1. A continuous sign language recognition method is provided, and the method comprises the following steps:

acquiring sign language presenter video data information;

performing ROI (region of interest) processing on the video;

generating an attention curve of each word based on the time sequence through the obtained key frame information;

fusing the obtained attention curve and the characteristic vector generated by the self-encoder and inputting the fused attention curve and the characteristic vector into a long-term and short-term memory network to obtain a regression result of a video segment corresponding to each word in the video;

2. The method of claim 1, wherein the ROI processing is performed on motion feature information of the video image, and the steps include:

step 1: carrying out human body contour image region interception processing based on face recognition on the obtained sign language video;

step 2: and separating the performer from the environment by adopting foreground segmentation, and further amplifying the body motion characteristic information of the hand performer.

3. The method of claim 1, wherein the obtaining of the feature vector is implemented by self-encoding, and the implementation steps are as follows:

step 1: disassembling the training samples frame by frame and inputting the training samples into an autoencoder for training;

step 2: extracting image features from an encoder in the self-encoder and converting the image features into feature vectors, restoring the image to the feature vectors by the encoder, and training the self-encoder by comparing the generated image with an original image to ensure that the generated image restores the input image as much as possible;

and step 3: after the training is finished, the self-encoder model is stored, and at the moment, the image input to the self-encoder can obtain the feature vector which can uniquely represent the image.

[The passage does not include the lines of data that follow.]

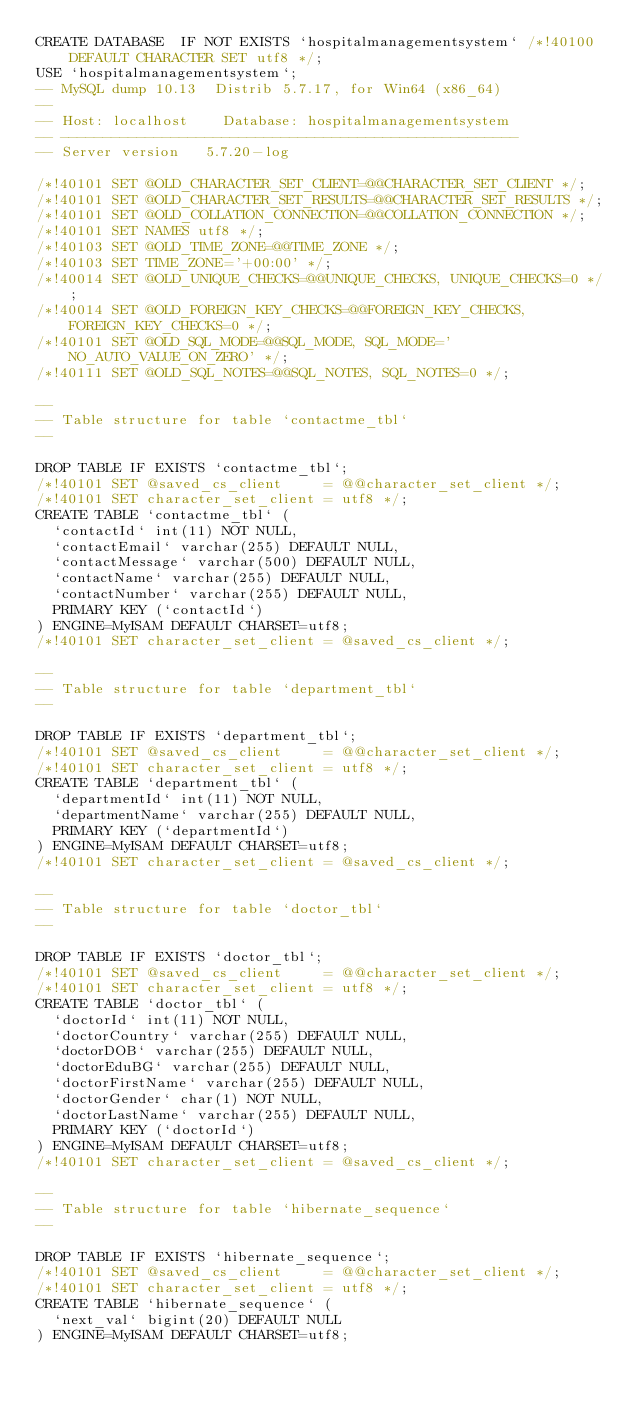<code> <loc_0><loc_0><loc_500><loc_500><_SQL_>CREATE DATABASE  IF NOT EXISTS `hospitalmanagementsystem` /*!40100 DEFAULT CHARACTER SET utf8 */;
USE `hospitalmanagementsystem`;
-- MySQL dump 10.13  Distrib 5.7.17, for Win64 (x86_64)
--
-- Host: localhost    Database: hospitalmanagementsystem
-- ------------------------------------------------------
-- Server version	5.7.20-log

/*!40101 SET @OLD_CHARACTER_SET_CLIENT=@@CHARACTER_SET_CLIENT */;
/*!40101 SET @OLD_CHARACTER_SET_RESULTS=@@CHARACTER_SET_RESULTS */;
/*!40101 SET @OLD_COLLATION_CONNECTION=@@COLLATION_CONNECTION */;
/*!40101 SET NAMES utf8 */;
/*!40103 SET @OLD_TIME_ZONE=@@TIME_ZONE */;
/*!40103 SET TIME_ZONE='+00:00' */;
/*!40014 SET @OLD_UNIQUE_CHECKS=@@UNIQUE_CHECKS, UNIQUE_CHECKS=0 */;
/*!40014 SET @OLD_FOREIGN_KEY_CHECKS=@@FOREIGN_KEY_CHECKS, FOREIGN_KEY_CHECKS=0 */;
/*!40101 SET @OLD_SQL_MODE=@@SQL_MODE, SQL_MODE='NO_AUTO_VALUE_ON_ZERO' */;
/*!40111 SET @OLD_SQL_NOTES=@@SQL_NOTES, SQL_NOTES=0 */;

--
-- Table structure for table `contactme_tbl`
--

DROP TABLE IF EXISTS `contactme_tbl`;
/*!40101 SET @saved_cs_client     = @@character_set_client */;
/*!40101 SET character_set_client = utf8 */;
CREATE TABLE `contactme_tbl` (
  `contactId` int(11) NOT NULL,
  `contactEmail` varchar(255) DEFAULT NULL,
  `contactMessage` varchar(500) DEFAULT NULL,
  `contactName` varchar(255) DEFAULT NULL,
  `contactNumber` varchar(255) DEFAULT NULL,
  PRIMARY KEY (`contactId`)
) ENGINE=MyISAM DEFAULT CHARSET=utf8;
/*!40101 SET character_set_client = @saved_cs_client */;

--
-- Table structure for table `department_tbl`
--

DROP TABLE IF EXISTS `department_tbl`;
/*!40101 SET @saved_cs_client     = @@character_set_client */;
/*!40101 SET character_set_client = utf8 */;
CREATE TABLE `department_tbl` (
  `departmentId` int(11) NOT NULL,
  `departmentName` varchar(255) DEFAULT NULL,
  PRIMARY KEY (`departmentId`)
) ENGINE=MyISAM DEFAULT CHARSET=utf8;
/*!40101 SET character_set_client = @saved_cs_client */;

--
-- Table structure for table `doctor_tbl`
--

DROP TABLE IF EXISTS `doctor_tbl`;
/*!40101 SET @saved_cs_client     = @@character_set_client */;
/*!40101 SET character_set_client = utf8 */;
CREATE TABLE `doctor_tbl` (
  `doctorId` int(11) NOT NULL,
  `doctorCountry` varchar(255) DEFAULT NULL,
  `doctorDOB` varchar(255) DEFAULT NULL,
  `doctorEduBG` varchar(255) DEFAULT NULL,
  `doctorFirstName` varchar(255) DEFAULT NULL,
  `doctorGender` char(1) NOT NULL,
  `doctorLastName` varchar(255) DEFAULT NULL,
  PRIMARY KEY (`doctorId`)
) ENGINE=MyISAM DEFAULT CHARSET=utf8;
/*!40101 SET character_set_client = @saved_cs_client */;

--
-- Table structure for table `hibernate_sequence`
--

DROP TABLE IF EXISTS `hibernate_sequence`;
/*!40101 SET @saved_cs_client     = @@character_set_client */;
/*!40101 SET character_set_client = utf8 */;
CREATE TABLE `hibernate_sequence` (
  `next_val` bigint(20) DEFAULT NULL
) ENGINE=MyISAM DEFAULT CHARSET=utf8;</code>

4. The method as claimed in claim 1, wherein the identification of the key frames and the related information is obtained by an optical flow method, the histogram of optical flow vectors in the image area is counted, the key frame segment of the transition between two words in the sign language video is determined by setting a threshold, the intermediate frame of the key frame segment is taken as the key frame for storage, and the related information such as the intermediate frame index of a word after being divided corresponding to the length of a video segment in the video and the length of the intermediate frame from the video boundary can be obtained according to the positions of the two key frames.

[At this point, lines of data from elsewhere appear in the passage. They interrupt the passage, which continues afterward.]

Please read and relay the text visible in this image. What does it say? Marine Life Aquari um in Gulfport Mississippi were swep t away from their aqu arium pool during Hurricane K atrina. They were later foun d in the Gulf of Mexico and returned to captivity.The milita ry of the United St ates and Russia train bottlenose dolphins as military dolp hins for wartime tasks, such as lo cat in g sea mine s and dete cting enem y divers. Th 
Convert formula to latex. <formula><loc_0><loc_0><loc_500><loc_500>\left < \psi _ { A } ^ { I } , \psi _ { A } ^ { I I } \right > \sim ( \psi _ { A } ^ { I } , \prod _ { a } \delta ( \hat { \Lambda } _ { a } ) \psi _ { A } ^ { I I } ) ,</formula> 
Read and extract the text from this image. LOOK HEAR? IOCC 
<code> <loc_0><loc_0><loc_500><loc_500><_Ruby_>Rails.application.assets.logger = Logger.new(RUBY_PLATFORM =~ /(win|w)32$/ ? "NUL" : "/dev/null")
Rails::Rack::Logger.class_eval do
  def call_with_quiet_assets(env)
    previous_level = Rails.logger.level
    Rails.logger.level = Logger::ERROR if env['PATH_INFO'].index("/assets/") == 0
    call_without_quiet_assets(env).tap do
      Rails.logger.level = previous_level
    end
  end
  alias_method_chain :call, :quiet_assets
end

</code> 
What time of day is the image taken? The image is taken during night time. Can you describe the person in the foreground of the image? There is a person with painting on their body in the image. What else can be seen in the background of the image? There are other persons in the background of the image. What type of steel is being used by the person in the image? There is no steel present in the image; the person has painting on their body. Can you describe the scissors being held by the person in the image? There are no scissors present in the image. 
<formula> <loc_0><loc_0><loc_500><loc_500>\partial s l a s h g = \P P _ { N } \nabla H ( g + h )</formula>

5. The method of claim 1, wherein the neural network uses the feature vector and the attention curve as input, uses the predicted value of the network output and the word vector as loss function, and completes training by back propagation, and the method comprises the following steps:

step 1: designing an attention curve by adopting a Gaussian function, and taking the relevant data information obtained in the claim 4 and the video length as input to obtain an attention curve;

step 2: and respectively fusing the attention curve with the feature vector, inputting the fused attention curve into a neural network in a digital unit of a word for training, calculating a mean square loss function of an output predicted value obtained through the network and a standard word vector, and adjusting network parameters through back propagation of a calculation result to realize the training process of a network model on a video segment corresponding to each word of a continuous video.